The Afghan


Title:                  The Afghan

Author:                Frederick Forsyth

Forsyth, Frederick (2006). The Afghan. New York: G.P. Putnam’s Sons

LCCN:    2006046357

PR6056.O699 A69 2006b

Summary

  • “When British and American intelligence catch wind of a major Al Qaeda operation in the works, they instantly galvanize–but to do what? They know nothing about it: the what, where, or when. They have no sources in Al Qaeda, and it’s impossible to plant someone. Impossible, unless– The Afghan is Izmat Khan, a five-year prisoner of Guantánamo Bay and a former senior commander of the Taliban. The Afghan is also Colonel Mike Martin, a twenty-five-year veteran of war zones around the world–a dark, lean man born and raised in Iraq. In an attempt to stave off disaster, the intelligence agencies will try to do what no one has ever done before–pass off a Westerner as an Arab among Arabs.–From publisher description.”–From source other than the Library of Congress

Subjects

Date Updated:  December 10, 2015

KIRKUS REVIEW

The Forsyth Formula, al-Qaeda version: A sort of post-9/11 apocalyptic western, this thriller pits White Guys against Black Turbans, the daring forces of freedom versus the jihadi doers of evil.
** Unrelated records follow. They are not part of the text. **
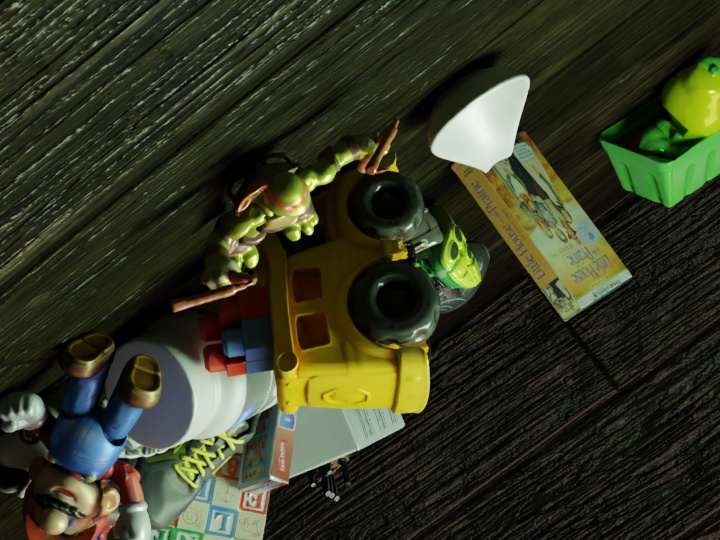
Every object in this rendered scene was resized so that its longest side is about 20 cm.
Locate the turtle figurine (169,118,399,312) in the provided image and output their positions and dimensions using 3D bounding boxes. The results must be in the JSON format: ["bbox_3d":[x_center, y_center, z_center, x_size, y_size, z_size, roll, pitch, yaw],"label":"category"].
[{"bbox_3d":[-0.067,-0.039,1.094,0.200,0.064,0.161,-43,-178,-13],"label":"turtle figurine"}]

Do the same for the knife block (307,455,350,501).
[{"bbox_3d":[-0.063,0.364,3.161,0.064,0.176,0.200,-37,173,20],"label":"knife block"}]

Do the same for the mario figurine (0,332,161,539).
[{"bbox_3d":[-0.222,0.156,1.249,0.106,0.123,0.200,-10,133,-42],"label":"mario figurine"}]

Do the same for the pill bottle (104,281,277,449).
[{"bbox_3d":[-0.124,0.080,1.378,0.114,0.114,0.200,-41,171,32],"label":"pill bottle"}]

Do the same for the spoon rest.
[{"bbox_3d":[0.102,-0.123,1.348,0.099,0.061,0.200,-36,173,1],"label":"spoon rest"}]

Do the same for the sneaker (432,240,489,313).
[{"bbox_3d":[0.081,0.027,1.986,0.200,0.075,0.079,-35,170,-9],"label":"sneaker"}]

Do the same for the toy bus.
[{"bbox_3d":[-0.038,0.017,1.293,0.191,0.201,0.136,-5,156,-3],"label":"toy bus"}]

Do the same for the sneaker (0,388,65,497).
[{"bbox_3d":[-0.280,0.166,1.395,0.088,0.074,0.200,-29,159,-12],"label":"sneaker"}]

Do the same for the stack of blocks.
[{"bbox_3d":[-0.194,0.230,1.574,0.059,0.199,0.115,125,-23,-67],"label":"stack of blocks"}]

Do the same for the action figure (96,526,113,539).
[{"bbox_3d":[-0.444,0.439,2.425,0.200,0.052,0.065,-36,169,-15],"label":"action figure"}]

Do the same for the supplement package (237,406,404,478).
[{"bbox_3d":[-0.084,0.150,1.734,0.191,0.147,0.200,-23,176,15],"label":"supplement package"}]

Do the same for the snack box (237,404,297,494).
[{"bbox_3d":[-0.084,0.117,1.569,0.024,0.201,0.072,18,156,-26],"label":"snack box"}]

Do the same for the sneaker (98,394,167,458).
[{"bbox_3d":[-0.188,0.120,1.466,0.080,0.078,0.200,-27,-173,34],"label":"sneaker"}]

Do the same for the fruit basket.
[{"bbox_3d":[0.442,-0.213,2.166,0.215,0.155,0.216,-20,122,-34],"label":"fruit basket"}]

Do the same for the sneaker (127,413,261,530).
[{"bbox_3d":[-0.153,0.159,1.518,0.085,0.074,0.200,-5,-130,55],"label":"sneaker"}]

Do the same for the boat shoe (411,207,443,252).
[{"bbox_3d":[-0.001,0.001,1.641,0.202,0.060,0.072,-39,173,25],"label":"boat shoe"}]

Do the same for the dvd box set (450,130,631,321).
[{"bbox_3d":[0.192,-0.050,1.664,0.029,0.200,0.146,-40,170,33],"label":"dvd box set"}]

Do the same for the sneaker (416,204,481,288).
[{"bbox_3d":[0.076,-0.014,1.705,0.083,0.074,0.200,-27,-167,0],"label":"sneaker"}]
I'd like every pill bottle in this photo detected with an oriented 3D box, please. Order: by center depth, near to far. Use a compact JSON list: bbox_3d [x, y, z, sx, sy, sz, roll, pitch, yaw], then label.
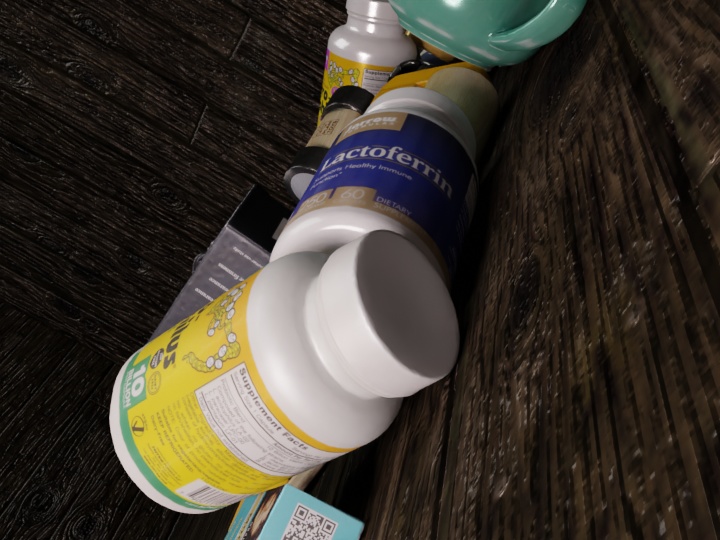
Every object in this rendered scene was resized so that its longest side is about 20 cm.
[{"bbox_3d":[-0.045,0.058,0.520,0.199,0.113,0.113,-30,22,35],"label":"pill bottle"},{"bbox_3d":[0.019,-0.041,0.628,0.116,0.115,0.201,-57,6,39],"label":"pill bottle"},{"bbox_3d":[0.007,-0.214,1.051,0.104,0.103,0.202,-70,-10,-65],"label":"pill bottle"}]

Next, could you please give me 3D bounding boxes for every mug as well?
[{"bbox_3d":[0.093,-0.232,0.735,0.115,0.151,0.185,-63,4,21],"label":"mug"}]

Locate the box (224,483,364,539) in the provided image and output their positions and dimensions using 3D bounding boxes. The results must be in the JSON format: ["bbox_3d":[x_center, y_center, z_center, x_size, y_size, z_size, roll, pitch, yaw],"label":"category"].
[{"bbox_3d":[-0.057,0.182,0.554,0.083,0.049,0.200,-63,4,-21],"label":"box"}]

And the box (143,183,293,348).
[{"bbox_3d":[-0.097,0.053,0.820,0.200,0.147,0.105,-51,9,24],"label":"box"}]

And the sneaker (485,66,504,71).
[{"bbox_3d":[0.130,-0.263,0.977,0.076,0.080,0.200,-62,3,8],"label":"sneaker"}]

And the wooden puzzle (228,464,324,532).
[{"bbox_3d":[-0.064,0.164,0.827,0.201,0.037,0.185,-60,5,27],"label":"wooden puzzle"}]

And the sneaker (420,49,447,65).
[{"bbox_3d":[0.091,-0.227,1.266,0.085,0.074,0.200,-62,-6,-25],"label":"sneaker"}]

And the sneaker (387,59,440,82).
[{"bbox_3d":[0.075,-0.189,0.994,0.070,0.099,0.200,-59,5,0],"label":"sneaker"}]

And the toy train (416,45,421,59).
[{"bbox_3d":[0.013,-0.196,1.160,0.199,0.116,0.085,-24,18,18],"label":"toy train"}]

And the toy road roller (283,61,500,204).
[{"bbox_3d":[0.043,-0.089,0.831,0.198,0.146,0.124,-6,43,37],"label":"toy road roller"}]

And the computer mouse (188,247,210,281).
[{"bbox_3d":[-0.102,0.055,1.051,0.053,0.198,0.140,-35,-46,-61],"label":"computer mouse"}]

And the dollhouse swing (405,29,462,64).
[{"bbox_3d":[0.100,-0.378,1.105,0.201,0.175,0.182,-61,-13,17],"label":"dollhouse swing"}]
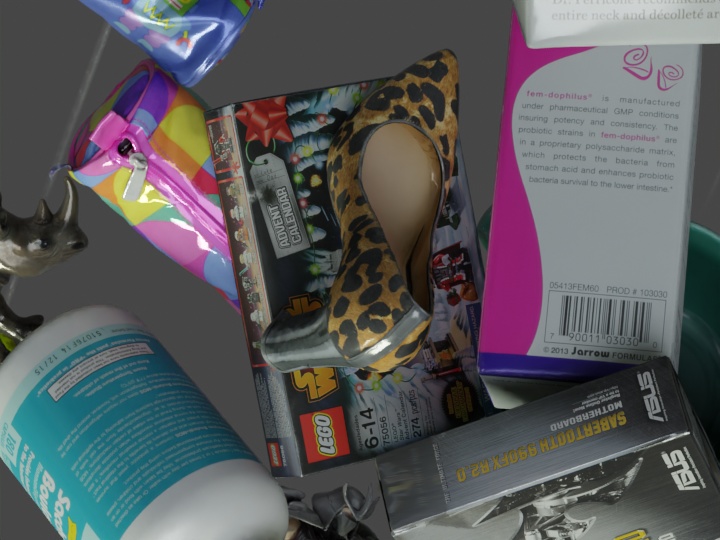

Should Hasbro ever decide it needs a new G.I. Joe, Mike Martin’s their man. The latest action figure from the Forsyth franchise, he’s a craggy Scot summoned from a wee bit of rest and relaxation at his Hampshire retreat back into the endless global fray. The listening department of Pakistan’s Counter-Terrorism Center has, through cell-phone surveillance, unearthed a plot. One of Osama bin Laden’s financiers has already, clutching his laptop, hurled himself from a balustrade to protect the plans. Hi-tech British cunning retrieves the info, which reveals schemes for “Al Isra,” the biggest potential attack yet. To penetrate al-Qaeda, U.K./U.S. intelligence makes a mole of Martin, passing him off as Izmat Khan, ex-Taliban bigwig serving time in Gitmo. Mirror images of each other, the men are archetypal warriors, Khan a stoic Afghan outraged by the Russian invasion of his country and conned by desperation into bin Laden’s service, Martin a 25-year veteran of killing missions—the Falklands, the Balkans, the Middle East. Plus, passing for Khan is easy for multilingual Martin, son of an oil-company executive stationed in Iraq. He even looks the part: “olive-skinned, black-haired and eyed, lean and very hard of physique.” Martin’s mission earns him martyrdom, but only after all kinds of derring-do involving a ship called The Countess of Richmond, characters screaming “Eject, eject!” and a cameo appearance by John Negroponte.

Gun-club porn—packed with stodgily accurate descriptions of weapons and acronymic slang. Hardly subtle, just bang-bang galore.